*TASK BRIEF:* Output exactly those lines of the data that lie between the line containing "Numbers: x, y, z, sx, sy, sz, roll, pitch, yaw." and the final line, both ends counted.
§
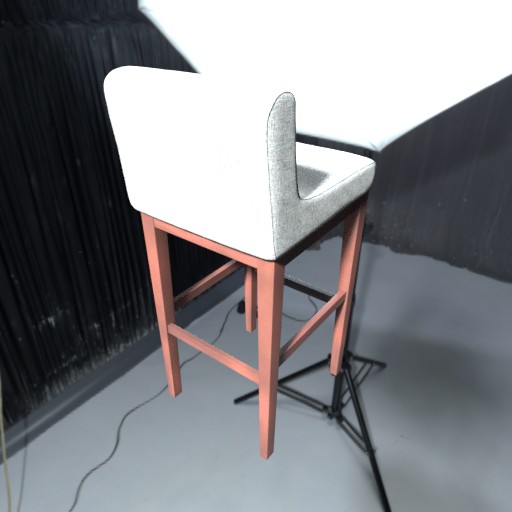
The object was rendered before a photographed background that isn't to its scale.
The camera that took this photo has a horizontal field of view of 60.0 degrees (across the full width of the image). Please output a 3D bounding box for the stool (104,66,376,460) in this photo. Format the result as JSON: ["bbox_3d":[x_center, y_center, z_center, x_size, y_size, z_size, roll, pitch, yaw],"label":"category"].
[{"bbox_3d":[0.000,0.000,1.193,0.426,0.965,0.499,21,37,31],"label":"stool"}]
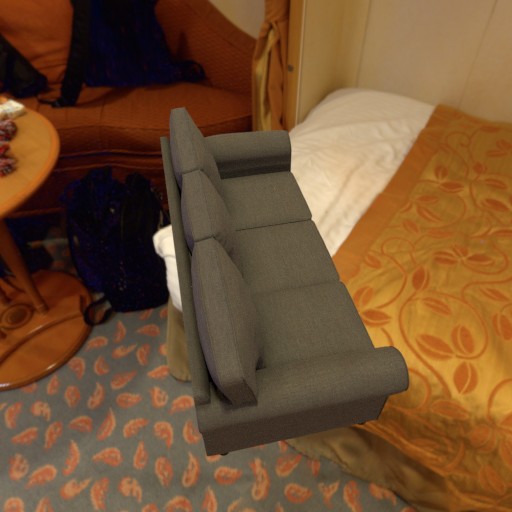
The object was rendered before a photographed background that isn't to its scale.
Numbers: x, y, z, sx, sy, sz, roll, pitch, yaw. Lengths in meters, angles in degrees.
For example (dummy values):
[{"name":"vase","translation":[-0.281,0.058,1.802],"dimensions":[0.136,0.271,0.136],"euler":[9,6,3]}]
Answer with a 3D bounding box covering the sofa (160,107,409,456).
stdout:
§
*SOLUTION TO THIS PROBLEM:*
Numbers: x, y, z, sx, sy, sz, roll, pitch, yaw. Lengths in meters, angles in degrees.
For example (dummy values):
[{"name":"vase","translation":[-0.281,0.058,1.802],"dimensions":[0.136,0.271,0.136],"euler":[9,6,3]}]
Answer with a 3D bounding box covering the sofa (160,107,409,456).
stdout:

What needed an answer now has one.